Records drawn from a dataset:
⁂
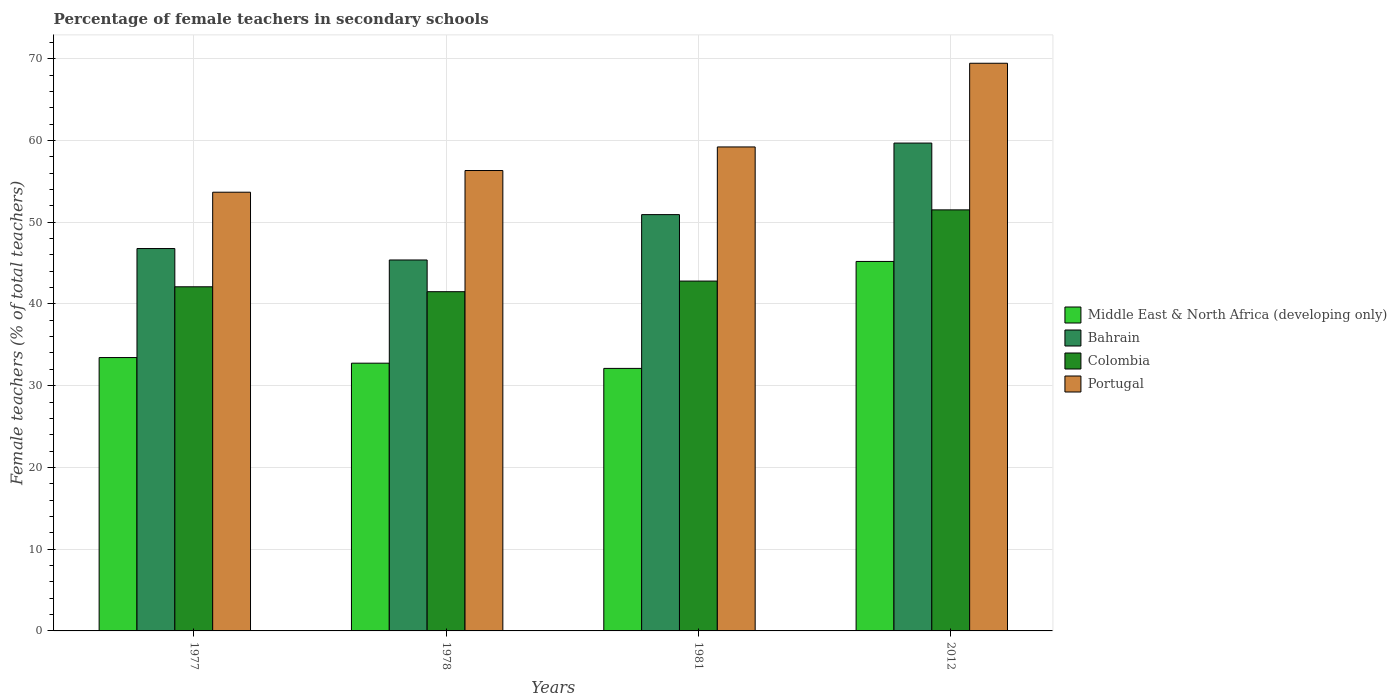How many different coloured bars are there?
Provide a succinct answer. 4. Are the number of bars per tick equal to the number of legend labels?
Provide a short and direct response. Yes. Are the number of bars on each tick of the X-axis equal?
Provide a short and direct response. Yes. How many bars are there on the 4th tick from the left?
Make the answer very short. 4. How many bars are there on the 3rd tick from the right?
Provide a succinct answer. 4. What is the label of the 2nd group of bars from the left?
Keep it short and to the point. 1978. In how many cases, is the number of bars for a given year not equal to the number of legend labels?
Your answer should be very brief. 0. What is the percentage of female teachers in Portugal in 2012?
Your answer should be compact. 69.45. Across all years, what is the maximum percentage of female teachers in Bahrain?
Your answer should be very brief. 59.68. Across all years, what is the minimum percentage of female teachers in Portugal?
Give a very brief answer. 53.67. In which year was the percentage of female teachers in Colombia maximum?
Ensure brevity in your answer.  2012. In which year was the percentage of female teachers in Colombia minimum?
Offer a very short reply. 1978. What is the total percentage of female teachers in Middle East & North Africa (developing only) in the graph?
Offer a terse response. 143.51. What is the difference between the percentage of female teachers in Colombia in 1978 and that in 2012?
Give a very brief answer. -10.01. What is the difference between the percentage of female teachers in Bahrain in 1981 and the percentage of female teachers in Portugal in 1978?
Offer a very short reply. -5.39. What is the average percentage of female teachers in Middle East & North Africa (developing only) per year?
Your answer should be very brief. 35.88. In the year 2012, what is the difference between the percentage of female teachers in Colombia and percentage of female teachers in Bahrain?
Provide a short and direct response. -8.17. In how many years, is the percentage of female teachers in Colombia greater than 30 %?
Give a very brief answer. 4. What is the ratio of the percentage of female teachers in Colombia in 1981 to that in 2012?
Make the answer very short. 0.83. Is the difference between the percentage of female teachers in Colombia in 1977 and 2012 greater than the difference between the percentage of female teachers in Bahrain in 1977 and 2012?
Give a very brief answer. Yes. What is the difference between the highest and the second highest percentage of female teachers in Portugal?
Offer a terse response. 10.24. What is the difference between the highest and the lowest percentage of female teachers in Middle East & North Africa (developing only)?
Provide a short and direct response. 13.08. Is it the case that in every year, the sum of the percentage of female teachers in Portugal and percentage of female teachers in Middle East & North Africa (developing only) is greater than the sum of percentage of female teachers in Bahrain and percentage of female teachers in Colombia?
Ensure brevity in your answer.  No. What does the 3rd bar from the left in 1981 represents?
Your answer should be compact. Colombia. Is it the case that in every year, the sum of the percentage of female teachers in Middle East & North Africa (developing only) and percentage of female teachers in Colombia is greater than the percentage of female teachers in Bahrain?
Make the answer very short. Yes. How many bars are there?
Your answer should be compact. 16. What is the difference between two consecutive major ticks on the Y-axis?
Your answer should be very brief. 10. What is the title of the graph?
Give a very brief answer. Percentage of female teachers in secondary schools. Does "Sint Maarten (Dutch part)" appear as one of the legend labels in the graph?
Keep it short and to the point. No. What is the label or title of the Y-axis?
Ensure brevity in your answer.  Female teachers (% of total teachers). What is the Female teachers (% of total teachers) of Middle East & North Africa (developing only) in 1977?
Give a very brief answer. 33.44. What is the Female teachers (% of total teachers) in Bahrain in 1977?
Your answer should be compact. 46.78. What is the Female teachers (% of total teachers) in Colombia in 1977?
Give a very brief answer. 42.1. What is the Female teachers (% of total teachers) in Portugal in 1977?
Your answer should be very brief. 53.67. What is the Female teachers (% of total teachers) of Middle East & North Africa (developing only) in 1978?
Ensure brevity in your answer.  32.75. What is the Female teachers (% of total teachers) of Bahrain in 1978?
Provide a succinct answer. 45.38. What is the Female teachers (% of total teachers) of Colombia in 1978?
Ensure brevity in your answer.  41.5. What is the Female teachers (% of total teachers) of Portugal in 1978?
Provide a short and direct response. 56.32. What is the Female teachers (% of total teachers) of Middle East & North Africa (developing only) in 1981?
Keep it short and to the point. 32.12. What is the Female teachers (% of total teachers) of Bahrain in 1981?
Your answer should be compact. 50.93. What is the Female teachers (% of total teachers) in Colombia in 1981?
Your answer should be very brief. 42.8. What is the Female teachers (% of total teachers) of Portugal in 1981?
Provide a short and direct response. 59.21. What is the Female teachers (% of total teachers) of Middle East & North Africa (developing only) in 2012?
Your answer should be compact. 45.2. What is the Female teachers (% of total teachers) of Bahrain in 2012?
Provide a short and direct response. 59.68. What is the Female teachers (% of total teachers) in Colombia in 2012?
Ensure brevity in your answer.  51.51. What is the Female teachers (% of total teachers) of Portugal in 2012?
Provide a succinct answer. 69.45. Across all years, what is the maximum Female teachers (% of total teachers) of Middle East & North Africa (developing only)?
Provide a short and direct response. 45.2. Across all years, what is the maximum Female teachers (% of total teachers) in Bahrain?
Provide a succinct answer. 59.68. Across all years, what is the maximum Female teachers (% of total teachers) of Colombia?
Provide a short and direct response. 51.51. Across all years, what is the maximum Female teachers (% of total teachers) of Portugal?
Offer a very short reply. 69.45. Across all years, what is the minimum Female teachers (% of total teachers) of Middle East & North Africa (developing only)?
Your response must be concise. 32.12. Across all years, what is the minimum Female teachers (% of total teachers) in Bahrain?
Give a very brief answer. 45.38. Across all years, what is the minimum Female teachers (% of total teachers) of Colombia?
Give a very brief answer. 41.5. Across all years, what is the minimum Female teachers (% of total teachers) in Portugal?
Provide a succinct answer. 53.67. What is the total Female teachers (% of total teachers) of Middle East & North Africa (developing only) in the graph?
Provide a short and direct response. 143.51. What is the total Female teachers (% of total teachers) of Bahrain in the graph?
Ensure brevity in your answer.  202.77. What is the total Female teachers (% of total teachers) of Colombia in the graph?
Keep it short and to the point. 177.91. What is the total Female teachers (% of total teachers) of Portugal in the graph?
Your response must be concise. 238.65. What is the difference between the Female teachers (% of total teachers) in Middle East & North Africa (developing only) in 1977 and that in 1978?
Your answer should be very brief. 0.69. What is the difference between the Female teachers (% of total teachers) of Bahrain in 1977 and that in 1978?
Your response must be concise. 1.4. What is the difference between the Female teachers (% of total teachers) of Colombia in 1977 and that in 1978?
Make the answer very short. 0.6. What is the difference between the Female teachers (% of total teachers) of Portugal in 1977 and that in 1978?
Provide a succinct answer. -2.65. What is the difference between the Female teachers (% of total teachers) in Middle East & North Africa (developing only) in 1977 and that in 1981?
Make the answer very short. 1.33. What is the difference between the Female teachers (% of total teachers) of Bahrain in 1977 and that in 1981?
Your answer should be compact. -4.15. What is the difference between the Female teachers (% of total teachers) of Colombia in 1977 and that in 1981?
Offer a very short reply. -0.7. What is the difference between the Female teachers (% of total teachers) in Portugal in 1977 and that in 1981?
Give a very brief answer. -5.54. What is the difference between the Female teachers (% of total teachers) in Middle East & North Africa (developing only) in 1977 and that in 2012?
Give a very brief answer. -11.76. What is the difference between the Female teachers (% of total teachers) of Bahrain in 1977 and that in 2012?
Ensure brevity in your answer.  -12.9. What is the difference between the Female teachers (% of total teachers) of Colombia in 1977 and that in 2012?
Your response must be concise. -9.41. What is the difference between the Female teachers (% of total teachers) in Portugal in 1977 and that in 2012?
Make the answer very short. -15.78. What is the difference between the Female teachers (% of total teachers) of Middle East & North Africa (developing only) in 1978 and that in 1981?
Make the answer very short. 0.64. What is the difference between the Female teachers (% of total teachers) in Bahrain in 1978 and that in 1981?
Offer a terse response. -5.55. What is the difference between the Female teachers (% of total teachers) in Colombia in 1978 and that in 1981?
Offer a very short reply. -1.3. What is the difference between the Female teachers (% of total teachers) of Portugal in 1978 and that in 1981?
Offer a terse response. -2.88. What is the difference between the Female teachers (% of total teachers) in Middle East & North Africa (developing only) in 1978 and that in 2012?
Offer a very short reply. -12.44. What is the difference between the Female teachers (% of total teachers) of Bahrain in 1978 and that in 2012?
Your answer should be very brief. -14.3. What is the difference between the Female teachers (% of total teachers) in Colombia in 1978 and that in 2012?
Your answer should be compact. -10.01. What is the difference between the Female teachers (% of total teachers) in Portugal in 1978 and that in 2012?
Your answer should be very brief. -13.12. What is the difference between the Female teachers (% of total teachers) in Middle East & North Africa (developing only) in 1981 and that in 2012?
Make the answer very short. -13.08. What is the difference between the Female teachers (% of total teachers) of Bahrain in 1981 and that in 2012?
Make the answer very short. -8.75. What is the difference between the Female teachers (% of total teachers) of Colombia in 1981 and that in 2012?
Keep it short and to the point. -8.71. What is the difference between the Female teachers (% of total teachers) of Portugal in 1981 and that in 2012?
Provide a succinct answer. -10.24. What is the difference between the Female teachers (% of total teachers) of Middle East & North Africa (developing only) in 1977 and the Female teachers (% of total teachers) of Bahrain in 1978?
Offer a terse response. -11.94. What is the difference between the Female teachers (% of total teachers) in Middle East & North Africa (developing only) in 1977 and the Female teachers (% of total teachers) in Colombia in 1978?
Your answer should be very brief. -8.06. What is the difference between the Female teachers (% of total teachers) of Middle East & North Africa (developing only) in 1977 and the Female teachers (% of total teachers) of Portugal in 1978?
Keep it short and to the point. -22.88. What is the difference between the Female teachers (% of total teachers) of Bahrain in 1977 and the Female teachers (% of total teachers) of Colombia in 1978?
Make the answer very short. 5.28. What is the difference between the Female teachers (% of total teachers) of Bahrain in 1977 and the Female teachers (% of total teachers) of Portugal in 1978?
Your answer should be compact. -9.55. What is the difference between the Female teachers (% of total teachers) in Colombia in 1977 and the Female teachers (% of total teachers) in Portugal in 1978?
Ensure brevity in your answer.  -14.22. What is the difference between the Female teachers (% of total teachers) in Middle East & North Africa (developing only) in 1977 and the Female teachers (% of total teachers) in Bahrain in 1981?
Offer a very short reply. -17.49. What is the difference between the Female teachers (% of total teachers) in Middle East & North Africa (developing only) in 1977 and the Female teachers (% of total teachers) in Colombia in 1981?
Provide a succinct answer. -9.36. What is the difference between the Female teachers (% of total teachers) in Middle East & North Africa (developing only) in 1977 and the Female teachers (% of total teachers) in Portugal in 1981?
Provide a short and direct response. -25.77. What is the difference between the Female teachers (% of total teachers) of Bahrain in 1977 and the Female teachers (% of total teachers) of Colombia in 1981?
Offer a very short reply. 3.98. What is the difference between the Female teachers (% of total teachers) in Bahrain in 1977 and the Female teachers (% of total teachers) in Portugal in 1981?
Provide a short and direct response. -12.43. What is the difference between the Female teachers (% of total teachers) in Colombia in 1977 and the Female teachers (% of total teachers) in Portugal in 1981?
Ensure brevity in your answer.  -17.11. What is the difference between the Female teachers (% of total teachers) of Middle East & North Africa (developing only) in 1977 and the Female teachers (% of total teachers) of Bahrain in 2012?
Your answer should be very brief. -26.24. What is the difference between the Female teachers (% of total teachers) in Middle East & North Africa (developing only) in 1977 and the Female teachers (% of total teachers) in Colombia in 2012?
Your answer should be very brief. -18.07. What is the difference between the Female teachers (% of total teachers) in Middle East & North Africa (developing only) in 1977 and the Female teachers (% of total teachers) in Portugal in 2012?
Make the answer very short. -36. What is the difference between the Female teachers (% of total teachers) of Bahrain in 1977 and the Female teachers (% of total teachers) of Colombia in 2012?
Give a very brief answer. -4.73. What is the difference between the Female teachers (% of total teachers) of Bahrain in 1977 and the Female teachers (% of total teachers) of Portugal in 2012?
Offer a very short reply. -22.67. What is the difference between the Female teachers (% of total teachers) of Colombia in 1977 and the Female teachers (% of total teachers) of Portugal in 2012?
Make the answer very short. -27.35. What is the difference between the Female teachers (% of total teachers) in Middle East & North Africa (developing only) in 1978 and the Female teachers (% of total teachers) in Bahrain in 1981?
Keep it short and to the point. -18.17. What is the difference between the Female teachers (% of total teachers) in Middle East & North Africa (developing only) in 1978 and the Female teachers (% of total teachers) in Colombia in 1981?
Your answer should be very brief. -10.04. What is the difference between the Female teachers (% of total teachers) in Middle East & North Africa (developing only) in 1978 and the Female teachers (% of total teachers) in Portugal in 1981?
Keep it short and to the point. -26.45. What is the difference between the Female teachers (% of total teachers) in Bahrain in 1978 and the Female teachers (% of total teachers) in Colombia in 1981?
Provide a short and direct response. 2.58. What is the difference between the Female teachers (% of total teachers) of Bahrain in 1978 and the Female teachers (% of total teachers) of Portugal in 1981?
Ensure brevity in your answer.  -13.83. What is the difference between the Female teachers (% of total teachers) of Colombia in 1978 and the Female teachers (% of total teachers) of Portugal in 1981?
Offer a very short reply. -17.71. What is the difference between the Female teachers (% of total teachers) in Middle East & North Africa (developing only) in 1978 and the Female teachers (% of total teachers) in Bahrain in 2012?
Keep it short and to the point. -26.93. What is the difference between the Female teachers (% of total teachers) in Middle East & North Africa (developing only) in 1978 and the Female teachers (% of total teachers) in Colombia in 2012?
Keep it short and to the point. -18.75. What is the difference between the Female teachers (% of total teachers) in Middle East & North Africa (developing only) in 1978 and the Female teachers (% of total teachers) in Portugal in 2012?
Provide a short and direct response. -36.69. What is the difference between the Female teachers (% of total teachers) of Bahrain in 1978 and the Female teachers (% of total teachers) of Colombia in 2012?
Keep it short and to the point. -6.13. What is the difference between the Female teachers (% of total teachers) in Bahrain in 1978 and the Female teachers (% of total teachers) in Portugal in 2012?
Your answer should be compact. -24.07. What is the difference between the Female teachers (% of total teachers) in Colombia in 1978 and the Female teachers (% of total teachers) in Portugal in 2012?
Offer a very short reply. -27.95. What is the difference between the Female teachers (% of total teachers) in Middle East & North Africa (developing only) in 1981 and the Female teachers (% of total teachers) in Bahrain in 2012?
Offer a very short reply. -27.56. What is the difference between the Female teachers (% of total teachers) of Middle East & North Africa (developing only) in 1981 and the Female teachers (% of total teachers) of Colombia in 2012?
Ensure brevity in your answer.  -19.39. What is the difference between the Female teachers (% of total teachers) in Middle East & North Africa (developing only) in 1981 and the Female teachers (% of total teachers) in Portugal in 2012?
Your answer should be very brief. -37.33. What is the difference between the Female teachers (% of total teachers) in Bahrain in 1981 and the Female teachers (% of total teachers) in Colombia in 2012?
Your answer should be very brief. -0.58. What is the difference between the Female teachers (% of total teachers) in Bahrain in 1981 and the Female teachers (% of total teachers) in Portugal in 2012?
Your answer should be compact. -18.52. What is the difference between the Female teachers (% of total teachers) in Colombia in 1981 and the Female teachers (% of total teachers) in Portugal in 2012?
Your response must be concise. -26.65. What is the average Female teachers (% of total teachers) in Middle East & North Africa (developing only) per year?
Keep it short and to the point. 35.88. What is the average Female teachers (% of total teachers) of Bahrain per year?
Provide a succinct answer. 50.69. What is the average Female teachers (% of total teachers) in Colombia per year?
Provide a short and direct response. 44.48. What is the average Female teachers (% of total teachers) of Portugal per year?
Your answer should be compact. 59.66. In the year 1977, what is the difference between the Female teachers (% of total teachers) of Middle East & North Africa (developing only) and Female teachers (% of total teachers) of Bahrain?
Offer a very short reply. -13.34. In the year 1977, what is the difference between the Female teachers (% of total teachers) in Middle East & North Africa (developing only) and Female teachers (% of total teachers) in Colombia?
Keep it short and to the point. -8.66. In the year 1977, what is the difference between the Female teachers (% of total teachers) in Middle East & North Africa (developing only) and Female teachers (% of total teachers) in Portugal?
Give a very brief answer. -20.23. In the year 1977, what is the difference between the Female teachers (% of total teachers) of Bahrain and Female teachers (% of total teachers) of Colombia?
Make the answer very short. 4.68. In the year 1977, what is the difference between the Female teachers (% of total teachers) in Bahrain and Female teachers (% of total teachers) in Portugal?
Offer a terse response. -6.89. In the year 1977, what is the difference between the Female teachers (% of total teachers) in Colombia and Female teachers (% of total teachers) in Portugal?
Your answer should be very brief. -11.57. In the year 1978, what is the difference between the Female teachers (% of total teachers) of Middle East & North Africa (developing only) and Female teachers (% of total teachers) of Bahrain?
Keep it short and to the point. -12.62. In the year 1978, what is the difference between the Female teachers (% of total teachers) of Middle East & North Africa (developing only) and Female teachers (% of total teachers) of Colombia?
Your answer should be very brief. -8.74. In the year 1978, what is the difference between the Female teachers (% of total teachers) in Middle East & North Africa (developing only) and Female teachers (% of total teachers) in Portugal?
Give a very brief answer. -23.57. In the year 1978, what is the difference between the Female teachers (% of total teachers) in Bahrain and Female teachers (% of total teachers) in Colombia?
Provide a succinct answer. 3.88. In the year 1978, what is the difference between the Female teachers (% of total teachers) of Bahrain and Female teachers (% of total teachers) of Portugal?
Keep it short and to the point. -10.94. In the year 1978, what is the difference between the Female teachers (% of total teachers) of Colombia and Female teachers (% of total teachers) of Portugal?
Give a very brief answer. -14.82. In the year 1981, what is the difference between the Female teachers (% of total teachers) in Middle East & North Africa (developing only) and Female teachers (% of total teachers) in Bahrain?
Provide a short and direct response. -18.81. In the year 1981, what is the difference between the Female teachers (% of total teachers) in Middle East & North Africa (developing only) and Female teachers (% of total teachers) in Colombia?
Offer a terse response. -10.68. In the year 1981, what is the difference between the Female teachers (% of total teachers) in Middle East & North Africa (developing only) and Female teachers (% of total teachers) in Portugal?
Your answer should be compact. -27.09. In the year 1981, what is the difference between the Female teachers (% of total teachers) in Bahrain and Female teachers (% of total teachers) in Colombia?
Your answer should be very brief. 8.13. In the year 1981, what is the difference between the Female teachers (% of total teachers) in Bahrain and Female teachers (% of total teachers) in Portugal?
Provide a short and direct response. -8.28. In the year 1981, what is the difference between the Female teachers (% of total teachers) of Colombia and Female teachers (% of total teachers) of Portugal?
Offer a terse response. -16.41. In the year 2012, what is the difference between the Female teachers (% of total teachers) of Middle East & North Africa (developing only) and Female teachers (% of total teachers) of Bahrain?
Your response must be concise. -14.48. In the year 2012, what is the difference between the Female teachers (% of total teachers) of Middle East & North Africa (developing only) and Female teachers (% of total teachers) of Colombia?
Provide a short and direct response. -6.31. In the year 2012, what is the difference between the Female teachers (% of total teachers) in Middle East & North Africa (developing only) and Female teachers (% of total teachers) in Portugal?
Give a very brief answer. -24.25. In the year 2012, what is the difference between the Female teachers (% of total teachers) of Bahrain and Female teachers (% of total teachers) of Colombia?
Your answer should be very brief. 8.17. In the year 2012, what is the difference between the Female teachers (% of total teachers) of Bahrain and Female teachers (% of total teachers) of Portugal?
Provide a succinct answer. -9.76. In the year 2012, what is the difference between the Female teachers (% of total teachers) in Colombia and Female teachers (% of total teachers) in Portugal?
Make the answer very short. -17.94. What is the ratio of the Female teachers (% of total teachers) in Middle East & North Africa (developing only) in 1977 to that in 1978?
Your answer should be very brief. 1.02. What is the ratio of the Female teachers (% of total teachers) of Bahrain in 1977 to that in 1978?
Your answer should be compact. 1.03. What is the ratio of the Female teachers (% of total teachers) of Colombia in 1977 to that in 1978?
Provide a short and direct response. 1.01. What is the ratio of the Female teachers (% of total teachers) of Portugal in 1977 to that in 1978?
Provide a short and direct response. 0.95. What is the ratio of the Female teachers (% of total teachers) in Middle East & North Africa (developing only) in 1977 to that in 1981?
Your answer should be compact. 1.04. What is the ratio of the Female teachers (% of total teachers) in Bahrain in 1977 to that in 1981?
Provide a succinct answer. 0.92. What is the ratio of the Female teachers (% of total teachers) in Colombia in 1977 to that in 1981?
Your answer should be compact. 0.98. What is the ratio of the Female teachers (% of total teachers) in Portugal in 1977 to that in 1981?
Make the answer very short. 0.91. What is the ratio of the Female teachers (% of total teachers) of Middle East & North Africa (developing only) in 1977 to that in 2012?
Offer a terse response. 0.74. What is the ratio of the Female teachers (% of total teachers) in Bahrain in 1977 to that in 2012?
Keep it short and to the point. 0.78. What is the ratio of the Female teachers (% of total teachers) in Colombia in 1977 to that in 2012?
Offer a terse response. 0.82. What is the ratio of the Female teachers (% of total teachers) of Portugal in 1977 to that in 2012?
Your answer should be very brief. 0.77. What is the ratio of the Female teachers (% of total teachers) in Middle East & North Africa (developing only) in 1978 to that in 1981?
Your answer should be very brief. 1.02. What is the ratio of the Female teachers (% of total teachers) in Bahrain in 1978 to that in 1981?
Your answer should be compact. 0.89. What is the ratio of the Female teachers (% of total teachers) in Colombia in 1978 to that in 1981?
Give a very brief answer. 0.97. What is the ratio of the Female teachers (% of total teachers) of Portugal in 1978 to that in 1981?
Give a very brief answer. 0.95. What is the ratio of the Female teachers (% of total teachers) in Middle East & North Africa (developing only) in 1978 to that in 2012?
Make the answer very short. 0.72. What is the ratio of the Female teachers (% of total teachers) of Bahrain in 1978 to that in 2012?
Offer a terse response. 0.76. What is the ratio of the Female teachers (% of total teachers) in Colombia in 1978 to that in 2012?
Your answer should be compact. 0.81. What is the ratio of the Female teachers (% of total teachers) of Portugal in 1978 to that in 2012?
Your answer should be very brief. 0.81. What is the ratio of the Female teachers (% of total teachers) of Middle East & North Africa (developing only) in 1981 to that in 2012?
Ensure brevity in your answer.  0.71. What is the ratio of the Female teachers (% of total teachers) in Bahrain in 1981 to that in 2012?
Keep it short and to the point. 0.85. What is the ratio of the Female teachers (% of total teachers) in Colombia in 1981 to that in 2012?
Provide a succinct answer. 0.83. What is the ratio of the Female teachers (% of total teachers) in Portugal in 1981 to that in 2012?
Make the answer very short. 0.85. What is the difference between the highest and the second highest Female teachers (% of total teachers) of Middle East & North Africa (developing only)?
Make the answer very short. 11.76. What is the difference between the highest and the second highest Female teachers (% of total teachers) in Bahrain?
Your answer should be very brief. 8.75. What is the difference between the highest and the second highest Female teachers (% of total teachers) of Colombia?
Make the answer very short. 8.71. What is the difference between the highest and the second highest Female teachers (% of total teachers) of Portugal?
Offer a terse response. 10.24. What is the difference between the highest and the lowest Female teachers (% of total teachers) of Middle East & North Africa (developing only)?
Your response must be concise. 13.08. What is the difference between the highest and the lowest Female teachers (% of total teachers) in Bahrain?
Your answer should be very brief. 14.3. What is the difference between the highest and the lowest Female teachers (% of total teachers) in Colombia?
Your answer should be compact. 10.01. What is the difference between the highest and the lowest Female teachers (% of total teachers) in Portugal?
Ensure brevity in your answer.  15.78.
⁂
*Work to complete*
In the entries above, find the line with "Your answer should be compact. 0.89." and the line with "Make the answer very short. 11.76.", then set down exactly those two and every line between them, nothing else.

*Solution to this exercise*
Your answer should be compact. 0.89. What is the ratio of the Female teachers (% of total teachers) in Colombia in 1978 to that in 1981?
Give a very brief answer. 0.97. What is the ratio of the Female teachers (% of total teachers) of Portugal in 1978 to that in 1981?
Give a very brief answer. 0.95. What is the ratio of the Female teachers (% of total teachers) in Middle East & North Africa (developing only) in 1978 to that in 2012?
Make the answer very short. 0.72. What is the ratio of the Female teachers (% of total teachers) of Bahrain in 1978 to that in 2012?
Offer a terse response. 0.76. What is the ratio of the Female teachers (% of total teachers) in Colombia in 1978 to that in 2012?
Your answer should be compact. 0.81. What is the ratio of the Female teachers (% of total teachers) of Portugal in 1978 to that in 2012?
Your answer should be very brief. 0.81. What is the ratio of the Female teachers (% of total teachers) of Middle East & North Africa (developing only) in 1981 to that in 2012?
Ensure brevity in your answer.  0.71. What is the ratio of the Female teachers (% of total teachers) in Bahrain in 1981 to that in 2012?
Keep it short and to the point. 0.85. What is the ratio of the Female teachers (% of total teachers) in Colombia in 1981 to that in 2012?
Provide a succinct answer. 0.83. What is the ratio of the Female teachers (% of total teachers) in Portugal in 1981 to that in 2012?
Make the answer very short. 0.85. What is the difference between the highest and the second highest Female teachers (% of total teachers) of Middle East & North Africa (developing only)?
Make the answer very short. 11.76. What is the difference between the highest and the second highest Female teachers (% of total teachers) in Bahrain?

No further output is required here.